### PROBLEM STATEMENT
Everything below from the line with "string bB = b.Substring(indexB, sizeB);" through the line with "Present a compact" should be copied exactly, and nothing else; leave out the pictures.

### DATA FOR THIS EXERCISE

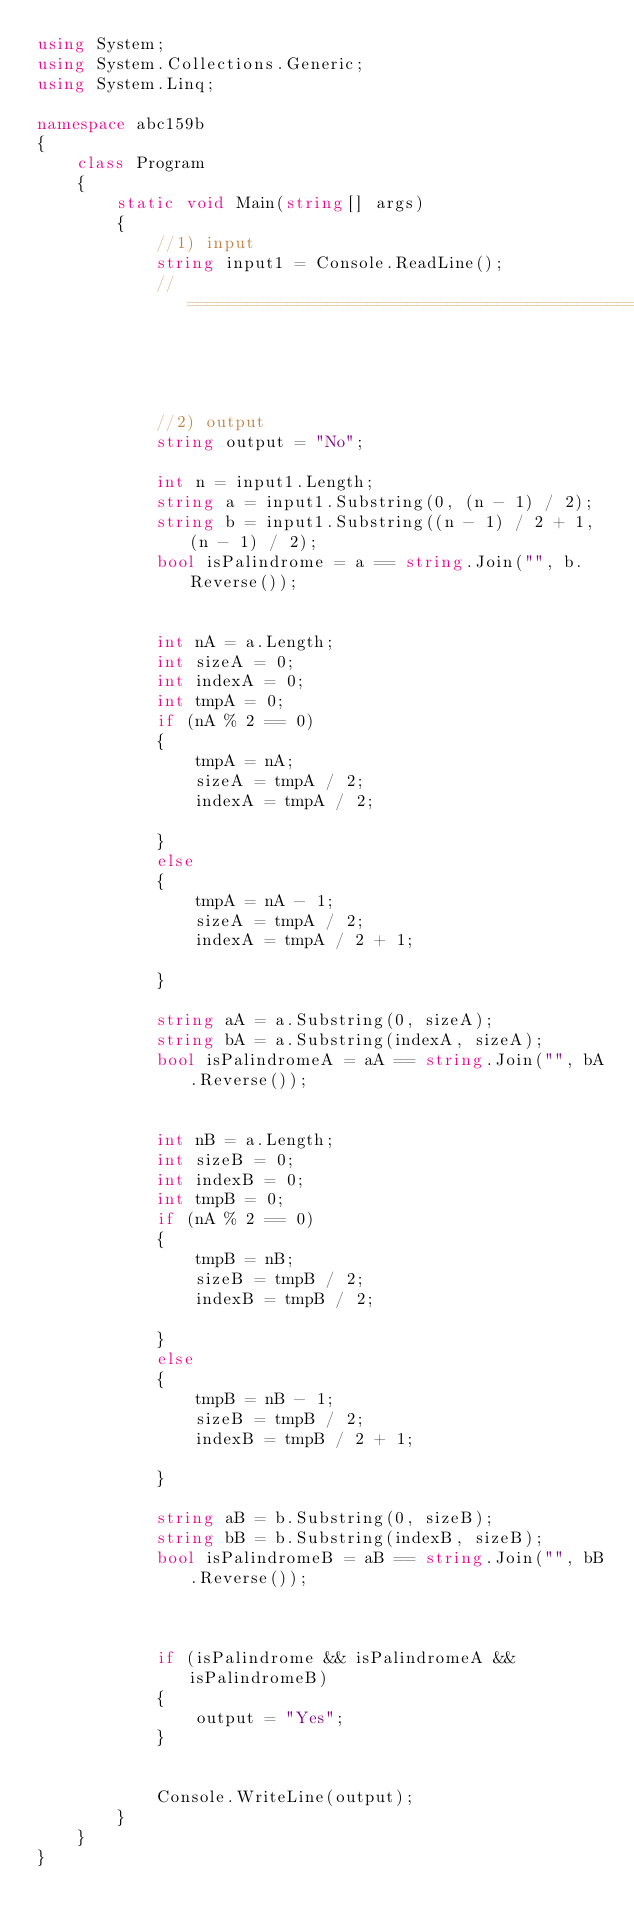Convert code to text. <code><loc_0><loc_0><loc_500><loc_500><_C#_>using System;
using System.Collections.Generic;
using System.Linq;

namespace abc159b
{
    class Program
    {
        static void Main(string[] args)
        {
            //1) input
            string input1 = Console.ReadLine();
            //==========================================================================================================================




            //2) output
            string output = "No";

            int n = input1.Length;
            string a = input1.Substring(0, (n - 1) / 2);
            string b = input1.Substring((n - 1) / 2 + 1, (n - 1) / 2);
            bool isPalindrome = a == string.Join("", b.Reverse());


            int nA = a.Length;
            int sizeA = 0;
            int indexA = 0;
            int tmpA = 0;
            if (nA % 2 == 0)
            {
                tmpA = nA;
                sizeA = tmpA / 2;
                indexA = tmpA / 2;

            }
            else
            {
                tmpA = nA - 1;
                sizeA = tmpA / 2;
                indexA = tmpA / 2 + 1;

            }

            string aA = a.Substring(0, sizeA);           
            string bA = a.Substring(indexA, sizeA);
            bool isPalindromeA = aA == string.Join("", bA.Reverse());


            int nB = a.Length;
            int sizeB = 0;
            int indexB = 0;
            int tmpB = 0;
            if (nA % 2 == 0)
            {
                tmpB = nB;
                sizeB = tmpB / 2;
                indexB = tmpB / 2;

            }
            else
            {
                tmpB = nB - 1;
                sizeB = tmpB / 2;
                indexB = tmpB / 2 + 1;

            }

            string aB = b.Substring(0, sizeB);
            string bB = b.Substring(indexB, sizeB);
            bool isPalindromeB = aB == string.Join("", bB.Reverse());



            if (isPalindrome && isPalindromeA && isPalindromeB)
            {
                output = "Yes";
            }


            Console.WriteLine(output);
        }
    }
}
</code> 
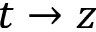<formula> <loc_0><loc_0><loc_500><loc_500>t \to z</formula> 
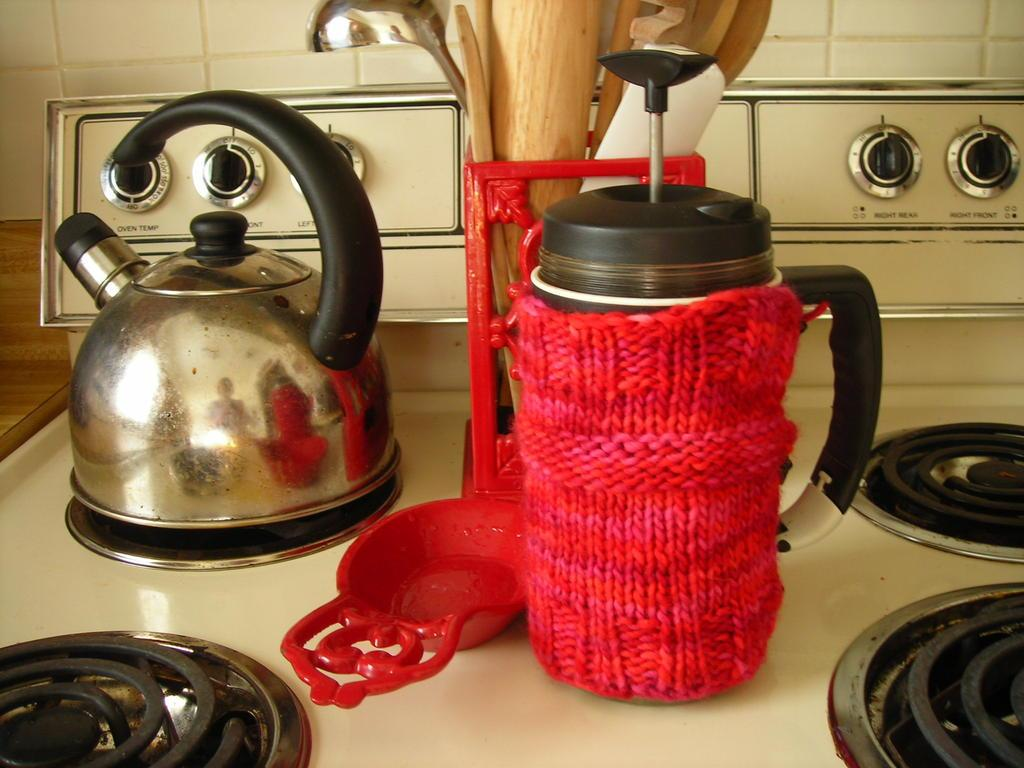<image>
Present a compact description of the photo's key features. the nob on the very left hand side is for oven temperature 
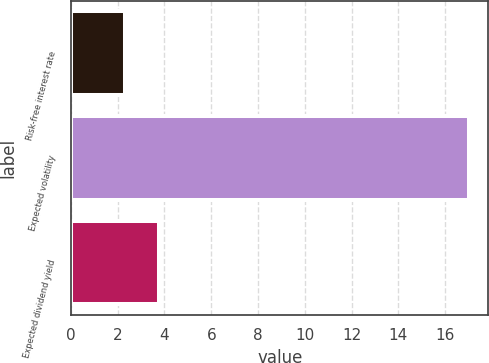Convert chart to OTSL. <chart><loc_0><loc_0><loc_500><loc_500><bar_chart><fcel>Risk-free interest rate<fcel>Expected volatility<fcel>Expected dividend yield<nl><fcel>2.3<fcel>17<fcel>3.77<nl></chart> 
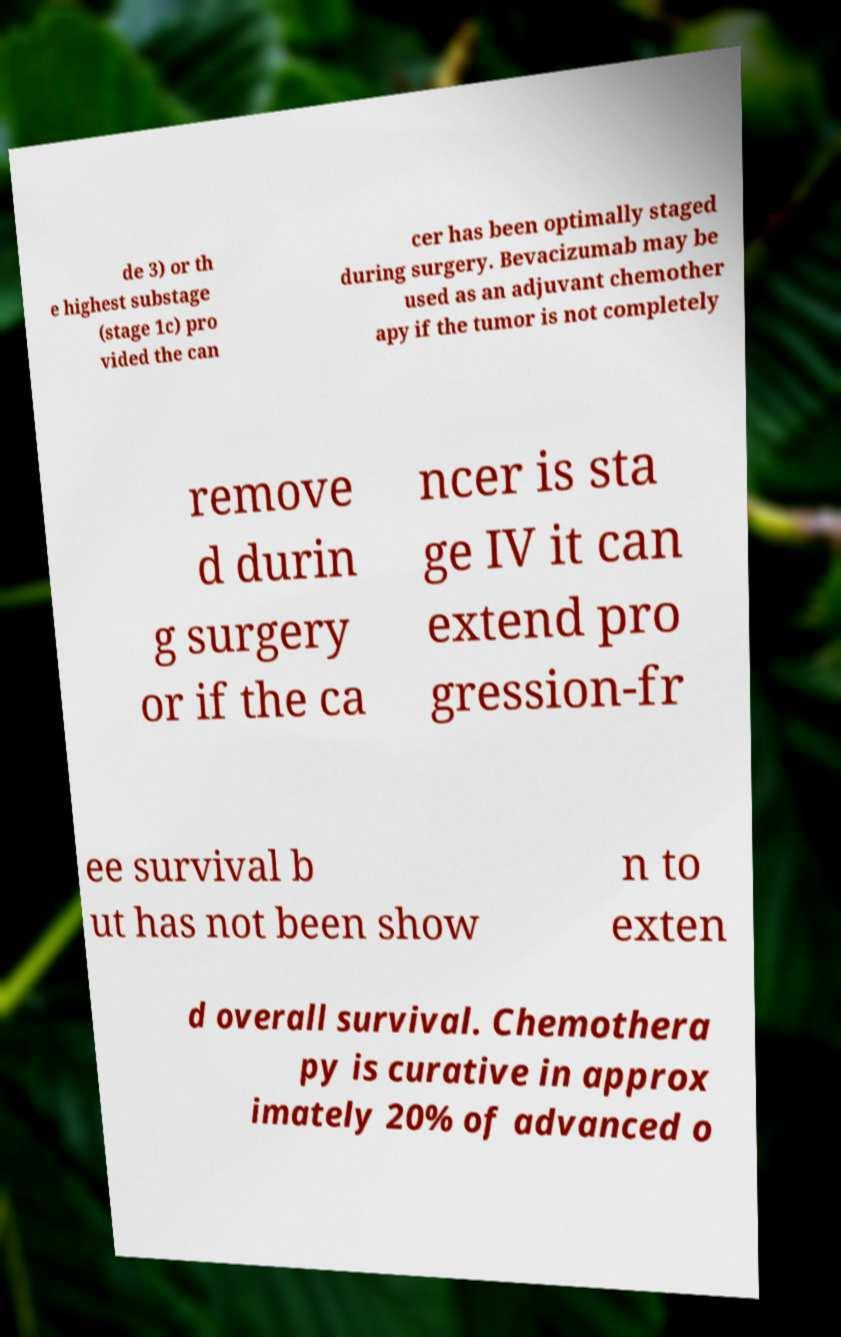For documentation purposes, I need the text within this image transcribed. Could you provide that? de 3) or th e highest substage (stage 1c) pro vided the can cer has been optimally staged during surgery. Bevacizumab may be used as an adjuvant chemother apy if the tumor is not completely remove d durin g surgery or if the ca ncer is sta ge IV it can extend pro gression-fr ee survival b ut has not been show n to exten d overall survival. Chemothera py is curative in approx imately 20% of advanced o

### EXERCISE RESPONSE
            string bB = b.Substring(indexB, sizeB);
            bool isPalindromeB = aB == string.Join("", bB.Reverse());



            if (isPalindrome && isPalindromeA && isPalindromeB)
            {
                output = "Yes";
            }


            Console.WriteLine(output);
        }
    }
}
</code> 
<formula> <loc_0><loc_0><loc_500><loc_500>t \to z</formula> 
<image>
Present a compact description of the photo's key features. the nob on the very left hand side is for oven temperature 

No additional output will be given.